According to the 2015 Living Blue Planet study from WWF, climate change is causing the ocean to change more rapidly than at any other point in millions of years. Climate change is also projected to increase pressure on all livelihoods and food supplies, including those in the fisheries and aquaculture sector.
Oceans have absorbed 30% of the carbon used or produced by humans and 90% of excess heat, causing ocean acidification to increase at a faster rate than any other period. This negatively impacts marine species such as shellfish, crabs, lobsters and corals by diminishing their stock and making it more difficult for them to build calcium carbonate shells.
Warming and acidifying oceans amplify the impact of other pressures such as overfishing and pollution. The increased acidity in the ocean reduces the ability of coral reefs to re-establish themselves from disturbances such as bleaching and cyclones. If the temperature continues to rise at current rates, the ocean will become too warm for coral reefs by 2050, resulting in a major disruption to at least 25% of the biodiversity in the ocean and the loss of productive fisheries. The loss of reefs as a barrier increases the exposure of coastal areas to waves and storm systems.
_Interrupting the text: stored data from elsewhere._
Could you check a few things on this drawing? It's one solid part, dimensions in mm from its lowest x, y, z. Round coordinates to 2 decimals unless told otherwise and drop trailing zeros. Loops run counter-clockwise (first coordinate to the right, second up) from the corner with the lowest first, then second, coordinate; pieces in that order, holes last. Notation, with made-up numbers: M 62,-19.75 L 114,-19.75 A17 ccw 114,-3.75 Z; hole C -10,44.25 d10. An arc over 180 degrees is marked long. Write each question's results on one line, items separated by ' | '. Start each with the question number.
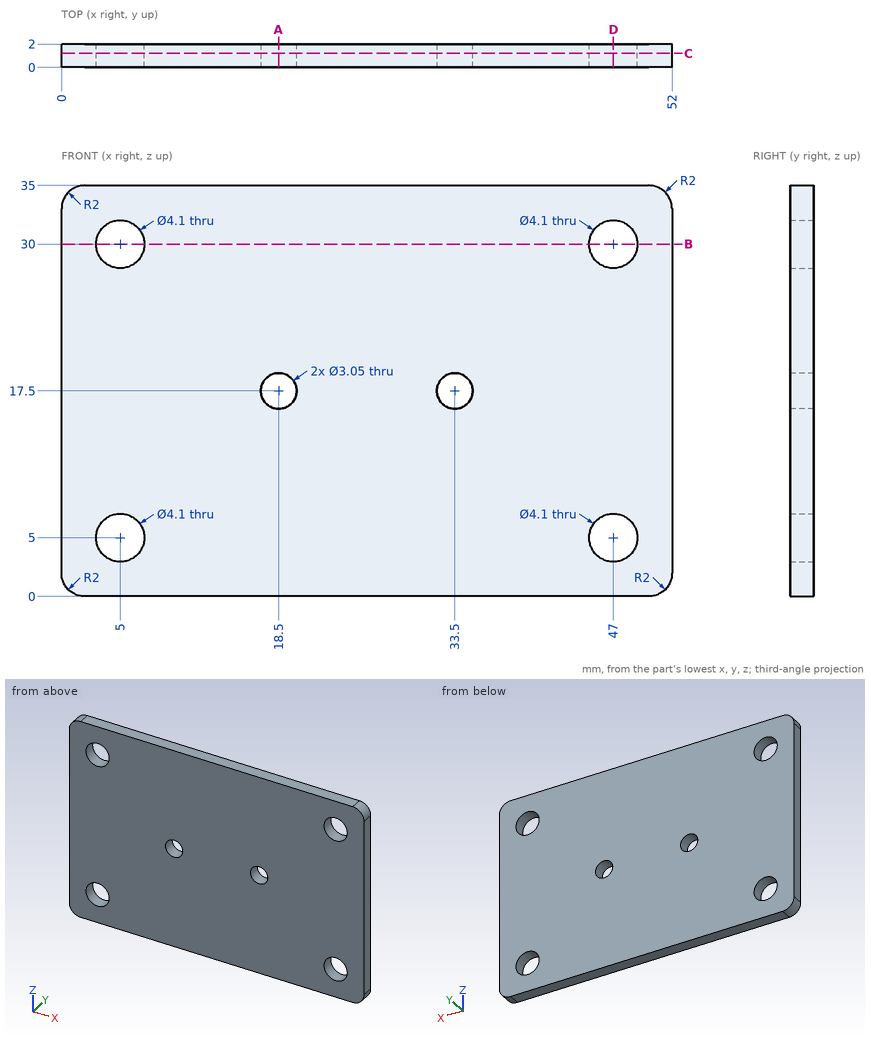
1. I want a section at A-A on x = 18.5. List the corners of the cut face in (y, z) for me (3 decimals).
2. For pin 1 (2.5 mm diameter, centred on x = 33.5, z = 17.5, fed in from -Y), with a flat end and sliding along its axis, tell me the tip position at first contact or that it passes through.
3. I want a section at D-D on x = 47. List the corners of the cut face in (y, z) for me, plus the area to 3 significant figures.
4. I want a section at C-C on y = 1.2. List the corners of the cut face in (x, z) for me (3 decimals).
5. I need wall thicknesses on line 1 along X through (y, z) = (1.1, 17.5) (3 decimals); line 2 along Z through (x, y) = (47, 1.35); line 3 along X through (y, z) = (1.35, 30). Which ranges of each line are inside material? Lowest first, please.
6. I want a section at B-B on z = 30. List the corners of the cut face in (x, y) for me, plus the area to 3 significant figures.
Outcome:
1) outline: M 0,0 L 2,0 L 2,15.975 L 0,15.975 Z; M 0,19.025 L 2,19.025 L 2,35 L 0,35 Z
2) pin 1: through
3) outline: M 0,0 L 2,0 L 2,2.95 L 0,2.95 Z; M 0,7.05 L 2,7.05 L 2,27.95 L 0,27.95 Z; M 0,32.05 L 2,32.05 L 2,35 L 0,35 Z | area: 53.6 mm2
4) outline: M 0,2 A2 ccw 2,0 L 50,0 A2 ccw 52,2 L 52,33 A2 ccw 50,35 L 2,35 A2 ccw 0,33 Z; hole C 5,5 d4.1; hole C 5,30 d4.1; hole C 18.5,17.5 d3.05; hole C 33.5,17.5 d3.05; hole C 47,5 d4.1; hole C 47,30 d4.1
5) line 1: 0 to 16.975, 20.025 to 31.975, 35.025 to 52 | line 2: 0 to 2.95, 7.05 to 27.95, 32.05 to 35 | line 3: 0 to 2.95, 7.05 to 44.95, 49.05 to 52
6) outline: M 0,0 L 2.95,0 L 2.95,2 L 0,2 Z; M 7.05,0 L 44.95,0 L 44.95,2 L 7.05,2 Z; M 49.05,0 L 52,0 L 52,2 L 49.05,2 Z | area: 87.6 mm2
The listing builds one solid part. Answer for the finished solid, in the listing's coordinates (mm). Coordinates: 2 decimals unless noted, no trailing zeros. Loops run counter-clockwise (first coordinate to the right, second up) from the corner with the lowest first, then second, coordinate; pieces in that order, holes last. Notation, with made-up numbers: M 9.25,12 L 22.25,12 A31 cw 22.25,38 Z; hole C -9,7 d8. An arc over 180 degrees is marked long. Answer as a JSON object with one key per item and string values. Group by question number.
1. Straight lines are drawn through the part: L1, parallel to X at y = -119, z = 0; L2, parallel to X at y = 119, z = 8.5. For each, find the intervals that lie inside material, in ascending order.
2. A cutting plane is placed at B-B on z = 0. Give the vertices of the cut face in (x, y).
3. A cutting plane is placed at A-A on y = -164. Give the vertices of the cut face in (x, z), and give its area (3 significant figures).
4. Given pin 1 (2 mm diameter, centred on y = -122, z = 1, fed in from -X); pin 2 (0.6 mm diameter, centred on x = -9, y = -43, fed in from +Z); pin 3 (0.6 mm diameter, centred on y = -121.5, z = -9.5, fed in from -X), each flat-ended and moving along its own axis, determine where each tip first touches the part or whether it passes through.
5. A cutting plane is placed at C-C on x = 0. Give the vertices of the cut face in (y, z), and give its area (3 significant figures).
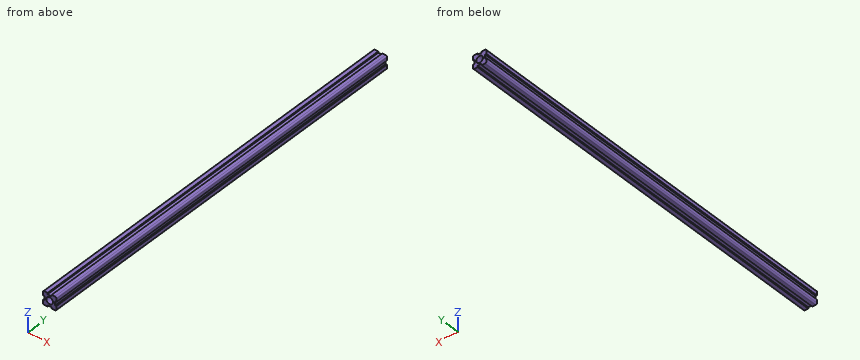
from build123d import *

# Parameters (mm, degrees)
SKETCH1_W           = 20
SKETCH1_H           = 20
SKETCH1_R           = 5
BOSS_EXTRUDE2_DEPTH = 300
SKETCH2_W           = 6
SKETCH2_H           = 4
SKETCH2_W_2         = 4
SKETCH2_H_2         = 6
CUT_EXTRUDE1_DEPTH  = 600
FILLET1_R           = 2


with BuildPart() as part:
    # Sketch1 → Boss-Extrude2 (new body, symmetric)
    with BuildSketch(Plane(origin=(0, 0, 0), x_dir=(1, 0, 0), z_dir=(0, 1, 0))):
        Rectangle(SKETCH1_W, SKETCH1_H)
        Circle(SKETCH1_R, mode=Mode.SUBTRACT)
    extrude(amount=BOSS_EXTRUDE2_DEPTH, both=True)

    # Sketch2 → Cut-Extrude1 (cut)
    with BuildSketch(Plane.XZ.offset(300)):
        with Locations((0, 10)):
            Rectangle(SKETCH2_W, SKETCH2_H)
        with Locations((10, 0)):
            Rectangle(SKETCH2_W_2, SKETCH2_H_2)
        with Locations((0, -10)):
            Rectangle(SKETCH2_W, SKETCH2_H)
        with Locations((-10, 0)):
            Rectangle(SKETCH2_W_2, SKETCH2_H_2)
    extrude(amount=-CUT_EXTRUDE1_DEPTH, mode=Mode.SUBTRACT)

    # Fillet1
    fillet1_edges = [part.edges().sort_by_distance(p)[0] for p in [
        (10, 0, 10),
        (-10, 0, 10),
        (-10, 0, -10),
        (10, 0, -10),
    ]]
    fillet(fillet1_edges, radius=FILLET1_R)


solid = part.part
From the geometry:
{
 "1": {"L1": "x = -8 to -5, 5 to 8", "L2": "x = -9.94 to -3, 3 to 9.94"},
 "2": {"outline": "M -8,-300 L -5,-300 L -5,300 L -8,300 Z; M 5,-300 L 8,-300 L 8,300 L 5,300 Z"},
 "3": {"outline": "M -10,-8 A2 ccw -8,-10 L -3,-10 L -3,-8 L 3,-8 L 3,-10 L 8,-10 A2 ccw 10,-8 L 10,-3 L 8,-3 L 8,3 L 10,3 L 10,8 A2 ccw 8,10 L 3,10 L 3,8 L -3,8 L -3,10 L -8,10 A2 ccw -10,8 L -10,3 L -8,3 L -8,-3 L -10,-3 Z; hole C 0,0 d10", "area": "270 mm²"},
 "4": {"pin 1": "stops at x = -8", "pin 2": "stops at z = 9.87", "pin 3": "stops at x = -9.6"},
 "5": {"outline": "M -300,-8 L 300,-8 L 300,-5 L -300,-5 Z; M -300,5 L 300,5 L 300,8 L -300,8 Z", "area": "3,600 mm²"}
}

The loss of coastal ecosystems such as mangroves and sea grass beds increases the vulnerability of coastlines to the impacts of climate change. Many small island states could experience severe impacts that could result in the displacement of people and adaptation costs amounting to several percentage points of GDP.
Due to the fact that some species can only thrive in certain temperatures, their habitats are affected, forcing fish stock to diminish or move to different regions, having a negative impact on local fishing communities.
The rise in sea level, the melting of glaciers, ocean acidification, changes in precipitation, groundwater and river flows significantly affect coral reefs, wetlands, rivers, lakes and estuaries, requiring adaptive measures to exploit opportunities and minimise impact on fisheries.
Nearly three billion people rely on aquatic foods for their high nutritional quality. Fish and seafood contributes more than 20% or more on average per capita animal protein intake for more than 1.5 billion people, mostly from developing countries. These are also the most widely traded foodstuffs and are essential components of export earnings for poorer countries, providing food security and survival.
Sustainable fishing is essential in a time of climate change
A fish stock is sustainable when there’s sufficient data to show catch records and stock surveys. Ongoing data collection and research is important to ensure that the fishery in question can respond to the declines in fish populations by reducing the level of fishing.